▶ **WORK ORDER**: Please find every line in the entries below that contains the string "oriented", and copy it.

- - -

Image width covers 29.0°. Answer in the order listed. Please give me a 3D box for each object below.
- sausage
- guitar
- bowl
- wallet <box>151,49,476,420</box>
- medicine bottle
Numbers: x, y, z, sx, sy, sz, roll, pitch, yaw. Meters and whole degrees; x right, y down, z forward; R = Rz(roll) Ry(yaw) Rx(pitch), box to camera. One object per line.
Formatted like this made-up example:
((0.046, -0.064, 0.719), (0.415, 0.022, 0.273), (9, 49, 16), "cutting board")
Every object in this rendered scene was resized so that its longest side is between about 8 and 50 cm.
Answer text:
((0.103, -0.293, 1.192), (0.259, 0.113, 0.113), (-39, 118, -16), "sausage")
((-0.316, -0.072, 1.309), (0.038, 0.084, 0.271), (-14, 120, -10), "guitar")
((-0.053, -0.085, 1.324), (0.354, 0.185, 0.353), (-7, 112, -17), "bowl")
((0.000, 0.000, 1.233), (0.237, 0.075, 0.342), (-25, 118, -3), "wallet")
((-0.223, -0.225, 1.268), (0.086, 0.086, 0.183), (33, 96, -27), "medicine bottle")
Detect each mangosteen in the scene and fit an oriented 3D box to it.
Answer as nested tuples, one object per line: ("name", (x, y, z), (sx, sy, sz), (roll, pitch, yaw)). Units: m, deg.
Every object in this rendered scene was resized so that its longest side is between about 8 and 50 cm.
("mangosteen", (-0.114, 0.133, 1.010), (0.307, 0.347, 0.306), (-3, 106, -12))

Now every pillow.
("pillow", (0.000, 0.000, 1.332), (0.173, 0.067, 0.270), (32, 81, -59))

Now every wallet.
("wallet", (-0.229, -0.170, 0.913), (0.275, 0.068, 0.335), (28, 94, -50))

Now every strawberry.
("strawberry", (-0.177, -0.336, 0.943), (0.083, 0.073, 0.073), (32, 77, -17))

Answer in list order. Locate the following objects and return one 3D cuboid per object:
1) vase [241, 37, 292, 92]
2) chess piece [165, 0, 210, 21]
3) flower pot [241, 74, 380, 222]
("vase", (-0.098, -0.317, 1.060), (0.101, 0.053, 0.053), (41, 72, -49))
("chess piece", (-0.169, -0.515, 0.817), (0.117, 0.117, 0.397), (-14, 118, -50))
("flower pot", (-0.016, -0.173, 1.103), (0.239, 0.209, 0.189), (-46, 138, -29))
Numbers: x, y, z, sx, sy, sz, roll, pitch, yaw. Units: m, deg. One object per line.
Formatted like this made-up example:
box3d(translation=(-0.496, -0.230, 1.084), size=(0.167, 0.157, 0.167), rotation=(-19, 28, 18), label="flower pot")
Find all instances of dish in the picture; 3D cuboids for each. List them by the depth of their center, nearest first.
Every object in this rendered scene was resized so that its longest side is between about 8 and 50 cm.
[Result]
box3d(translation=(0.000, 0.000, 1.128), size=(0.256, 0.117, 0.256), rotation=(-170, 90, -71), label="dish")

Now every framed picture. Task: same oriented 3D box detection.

- - -

▶ **RESULT OF THIS TASK**:
Detect each mangosteen in the scene and fit an oriented 3D box to it.
Now every framed picture. Task: same oriented 3D box detection.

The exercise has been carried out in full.